══ Extracted information ══

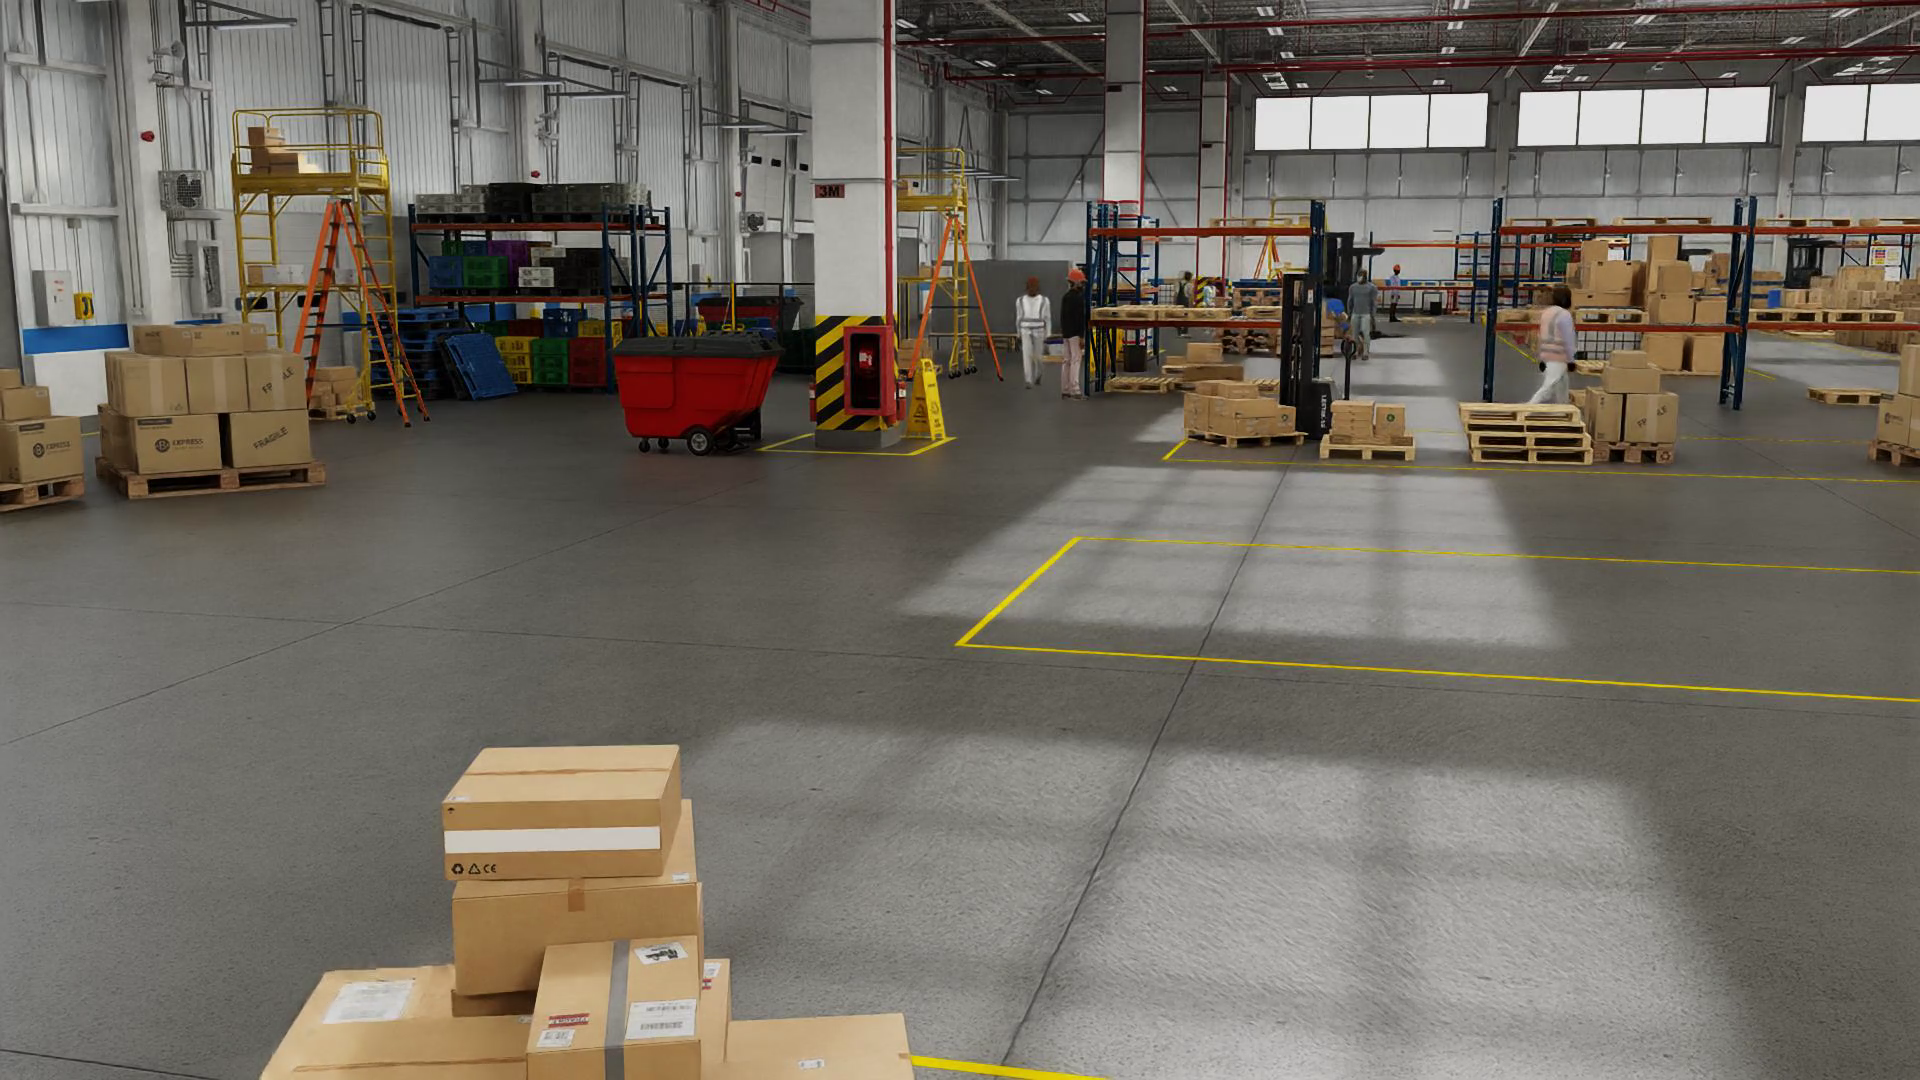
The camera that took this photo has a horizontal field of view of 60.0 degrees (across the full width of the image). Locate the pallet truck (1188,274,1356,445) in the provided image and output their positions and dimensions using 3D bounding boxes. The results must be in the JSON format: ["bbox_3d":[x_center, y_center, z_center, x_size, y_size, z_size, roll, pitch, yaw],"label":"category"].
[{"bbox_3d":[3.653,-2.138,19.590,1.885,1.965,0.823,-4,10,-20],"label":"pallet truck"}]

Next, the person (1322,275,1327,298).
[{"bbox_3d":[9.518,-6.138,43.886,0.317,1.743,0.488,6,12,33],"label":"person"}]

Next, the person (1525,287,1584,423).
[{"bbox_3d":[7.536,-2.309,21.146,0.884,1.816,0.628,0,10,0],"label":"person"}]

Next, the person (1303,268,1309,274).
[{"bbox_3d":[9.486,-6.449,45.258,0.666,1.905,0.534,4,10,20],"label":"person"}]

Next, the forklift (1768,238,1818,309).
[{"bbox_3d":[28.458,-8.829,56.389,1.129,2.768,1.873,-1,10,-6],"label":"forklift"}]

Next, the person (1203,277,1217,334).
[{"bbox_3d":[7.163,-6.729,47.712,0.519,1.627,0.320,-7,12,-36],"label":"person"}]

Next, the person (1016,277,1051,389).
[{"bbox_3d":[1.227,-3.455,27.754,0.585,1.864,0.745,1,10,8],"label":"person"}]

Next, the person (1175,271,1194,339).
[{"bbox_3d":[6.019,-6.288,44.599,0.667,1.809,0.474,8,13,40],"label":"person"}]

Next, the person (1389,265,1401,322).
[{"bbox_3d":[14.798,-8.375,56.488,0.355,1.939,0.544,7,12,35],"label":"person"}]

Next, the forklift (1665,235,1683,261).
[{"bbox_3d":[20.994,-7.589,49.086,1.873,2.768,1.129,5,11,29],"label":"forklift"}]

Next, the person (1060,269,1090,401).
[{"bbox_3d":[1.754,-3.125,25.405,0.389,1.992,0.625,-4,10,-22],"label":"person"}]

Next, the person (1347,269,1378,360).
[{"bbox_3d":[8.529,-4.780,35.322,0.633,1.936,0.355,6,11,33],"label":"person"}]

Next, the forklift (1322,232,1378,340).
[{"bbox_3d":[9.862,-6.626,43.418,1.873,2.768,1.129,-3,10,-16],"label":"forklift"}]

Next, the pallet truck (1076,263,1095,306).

═══

# [Work required]
Copy the line containing "Next, the forklift (1665,235,1683,261)." exactly. Then copy every line after it through the end of the listing, and nothing more.

# [Result]
Next, the forklift (1665,235,1683,261).
[{"bbox_3d":[20.994,-7.589,49.086,1.873,2.768,1.129,5,11,29],"label":"forklift"}]

Next, the person (1060,269,1090,401).
[{"bbox_3d":[1.754,-3.125,25.405,0.389,1.992,0.625,-4,10,-22],"label":"person"}]

Next, the person (1347,269,1378,360).
[{"bbox_3d":[8.529,-4.780,35.322,0.633,1.936,0.355,6,11,33],"label":"person"}]

Next, the forklift (1322,232,1378,340).
[{"bbox_3d":[9.862,-6.626,43.418,1.873,2.768,1.129,-3,10,-16],"label":"forklift"}]

Next, the pallet truck (1076,263,1095,306).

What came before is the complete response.